El procedimiento de Habeas Corpus


Cuando estudiaba la carrera de Derecho, concretamente, Derecho Penal y Derecho Constitucional, había un término de aquellos que encontrabas que tras la explicación algo faltaba, me refiero al famoso habeas corpus. 

Por habeas corpus entendemos esa institución jurídica por la que garantiza evitar los arrestos y detenciones arbitrarias y que en nuestra Constitución Española se regula como derecho fundamental en su artículo 17:

“1. Toda persona tiene derecho a la libertad y a la seguridad. Nadie puede ser privado de su libertad, sino con la observancia de lo establecido en este artículo y en los casos y en la forma previstos en la ley”.

y

“4. La Ley regulará un procedimiento de habeas corpus para producir la inmediata puesta a disposición judicial de toda persona detenida ilegalmente”.

Tal previsión constitucional fue desarrollada por la Ley Orgánica 6/1984 de 24 de mayo, en la que se establece un procedimiento mediante el cual se podrá obtener la inmediata puesta a disposición de la Audiencia judicial competente cualquier persona detenida ilegalmente. Ahora bien, ¿valen todos los supuestos? Evidentemente, no.

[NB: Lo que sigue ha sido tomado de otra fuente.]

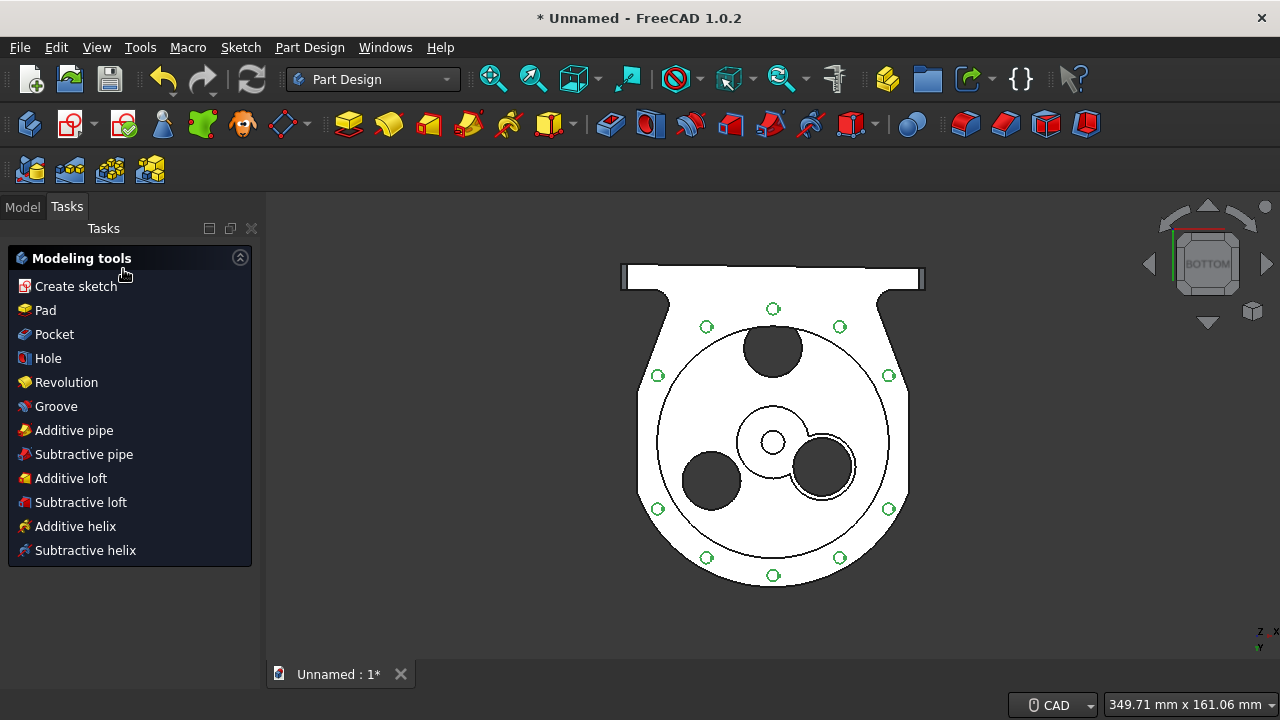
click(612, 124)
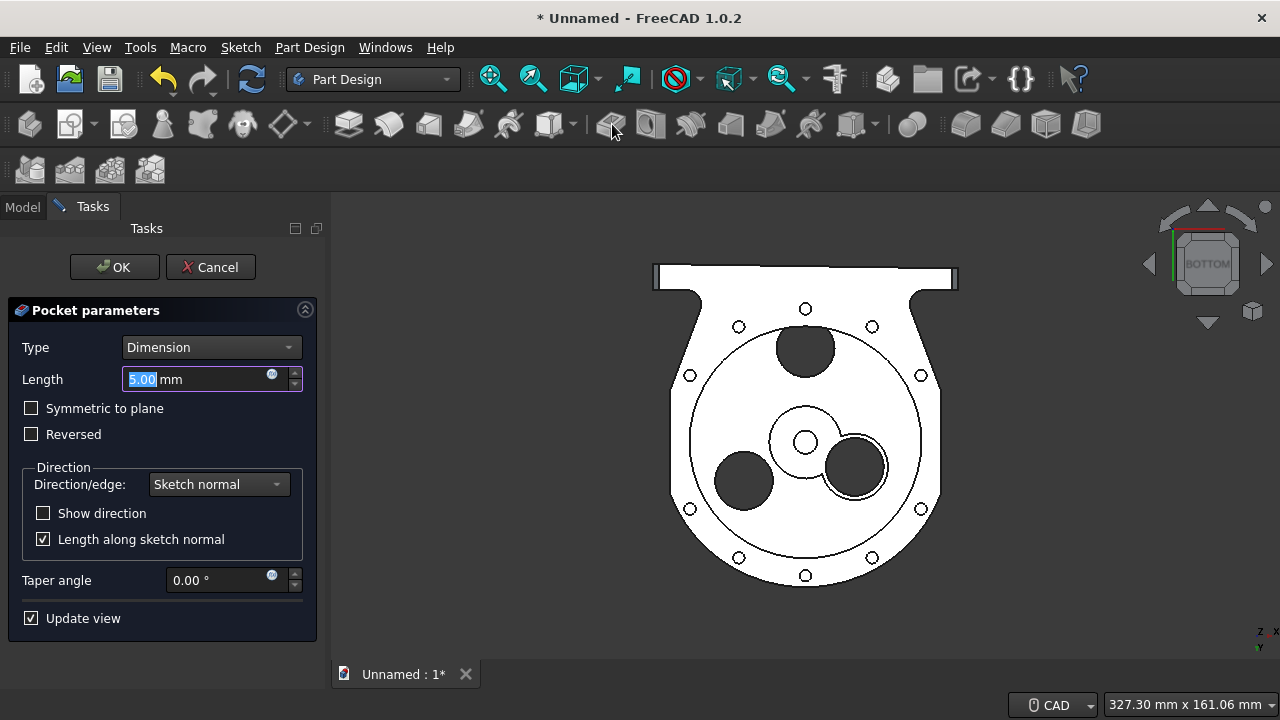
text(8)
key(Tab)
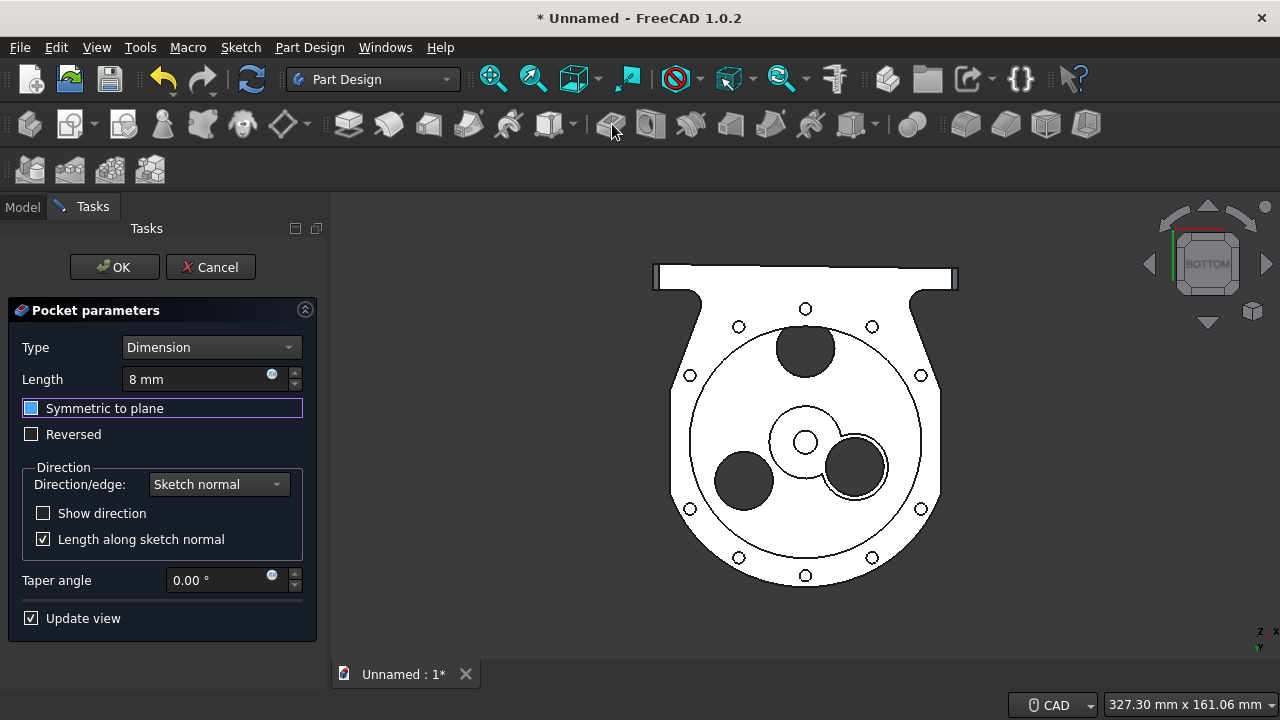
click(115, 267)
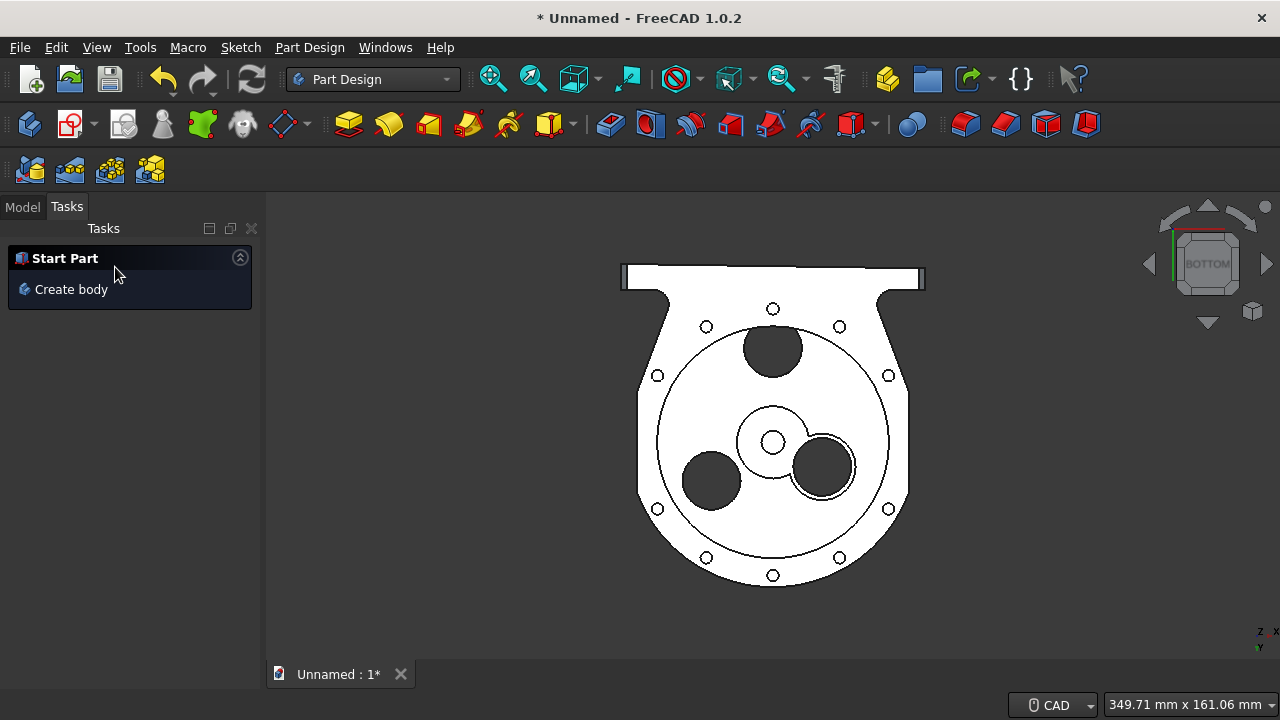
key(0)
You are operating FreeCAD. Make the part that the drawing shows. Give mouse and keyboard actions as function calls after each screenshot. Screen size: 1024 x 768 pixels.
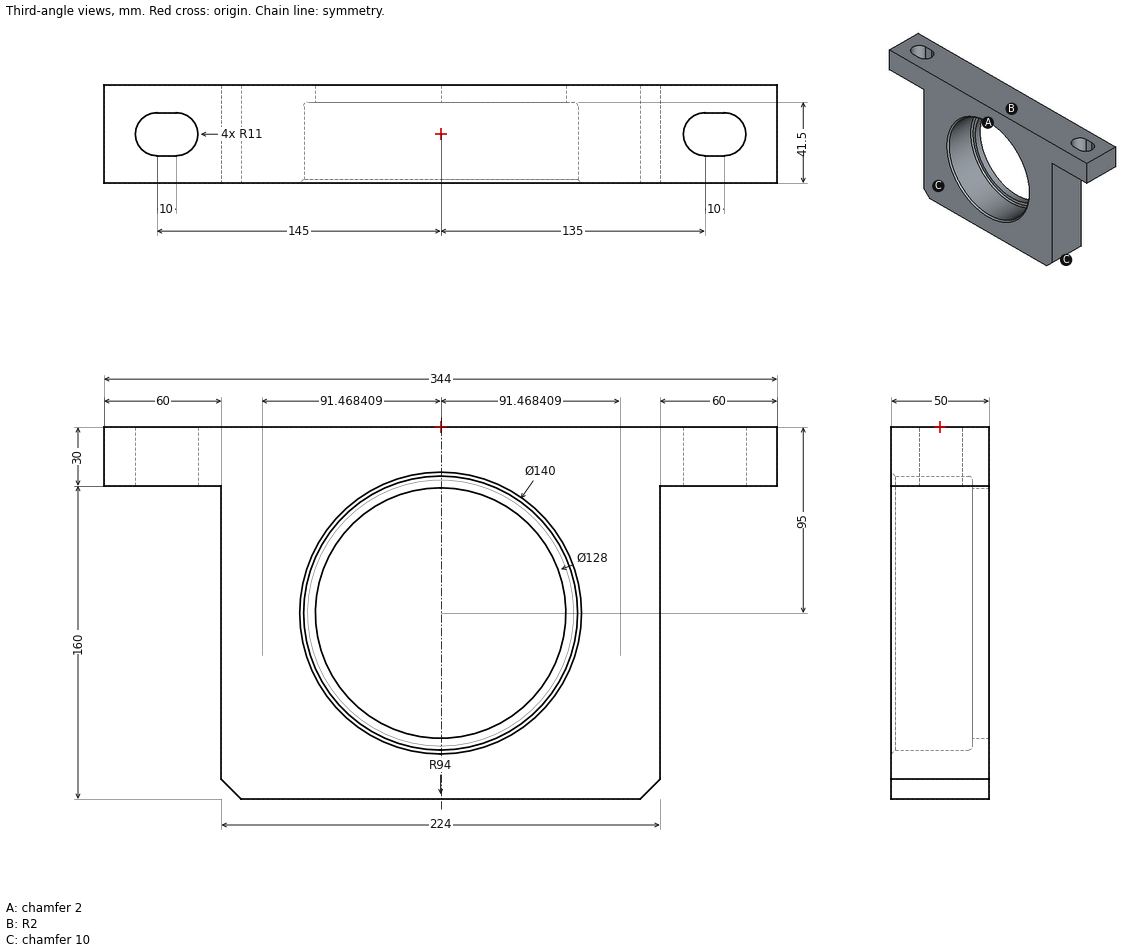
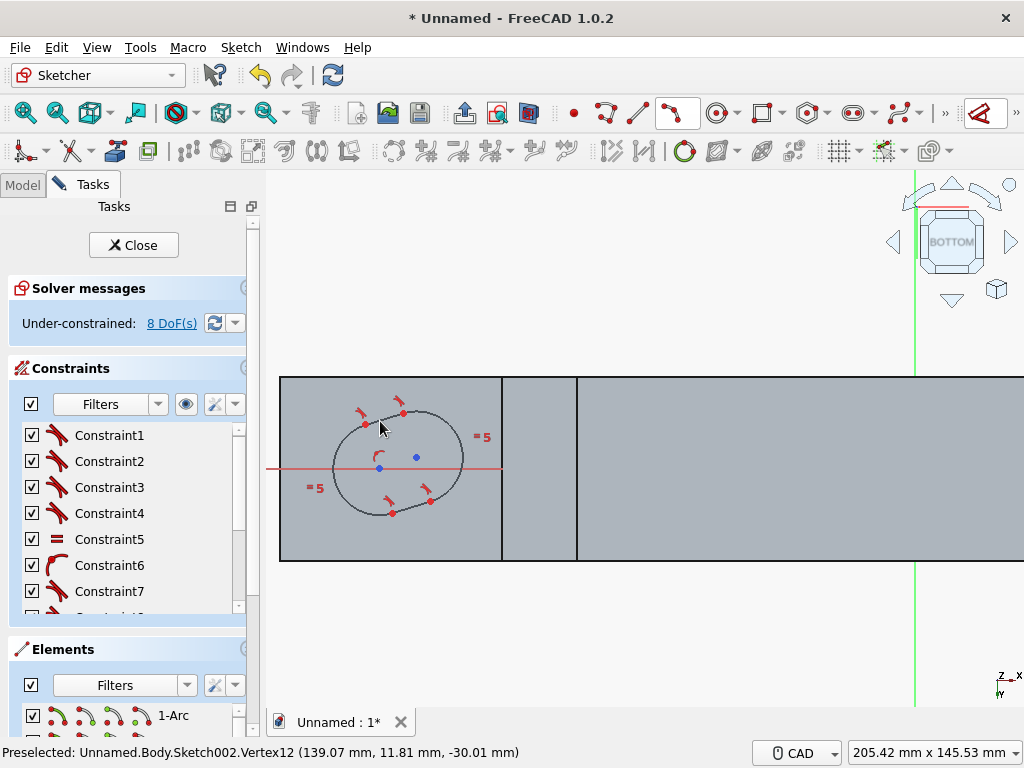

Para poderse acoger este procedimiento, es necesario que el agraviado sea detenido ilegalmente, entendiendo por tal:

– Quienes lo fueren por autoridad, agente de la misma, funcionario público o particular, sin que concurran los supuestos legales, o sin haberse cumplido las formalidades prevenidas y requisitos exigidos por las leyes.

– Las que estén ilícitamente internadas en cualquier establecimiento o lugar.

– Las que lo estuvieran por plazo superior al señalado en las leyes, o transcurrido el mismo, no fuesen puestas en libertad o entregadas al juez.

– Aquellos a quienes no les sean respetados los derechos que la Constitución y las leyes procesales garantizan a toda persona detenida.

Con todo esto, nuestros tribunales han sido muy celosos de no admitir algunos procedimientos de habeas corpus. Resumidamente, el Tribunal Constitucional ha establecido que los únicos motivos constitucionalmente legítimos para no admitir son los basados en la falta del presupuesto necesario de una situación de privación de libertad no acordada judicialmente o en el incumplimiento de los requisitos formales a los que se refiere el artículo 4 de la LOHC.

Esos requisitos formales consisten en que en todo procedimiento se iniciará (salvo que haya sido de oficio) mediante escrito o comparecencia en la que se haga constar:

a) El nombre y circunstancias personales del solicitante o persona para la que se solicita el amparo judicial.

b) El lugar en el que se halle privado de libertad, la autoridad o persona bajo cuya custodia se encuentre, si fueren conocidos, y todas aquellas circunstancias que puedan ser relevantes.

c) El motivo concreto por el que se solicita el “habeas corpus”.

Por último quisiera puntualizar que mediante este procedimiento no se persigue una pronunciación sobre la inocencia o culpabilidad del detenido, circunstancia para la cual ya se seguirá el correspondiente procedimiento de instrucción y, en su caso, el correspondiente procedimiento penal; sino que constituye su objeto el analizar el cumplimiento de los presupuestos de legalidad de una detención preventiva, como sería el caso de que existan indicios suficientes de haberse cometido un delito del que el detenido pueda ser responsable.

¿Y una vez instado, qué es lo que se puede conseguir?

Mediante este procedimientos el Juzgado correspondiente podrá:

– O estimar que no concurren las causas del habeas corpus y, acordando el archivo de las actuaciones, declarará conforme a derecho la privación de libertad.

– O estimar que concurren alguna de las causas del habeas corpus, en cuyo caso acordará alguna de las siguientes medidas:

1) La puesta en libertad si lo fuere ilegalmente;

2) La continuación de la privación de libertad, pero, si lo considerase oportuno, en otro establecimiento y con la custodia de otras personas;

3) La puesta a disposición inmediata de la persona privada de libertad si ya hubiese transcurrido el plazo legalmente establecido para su detención.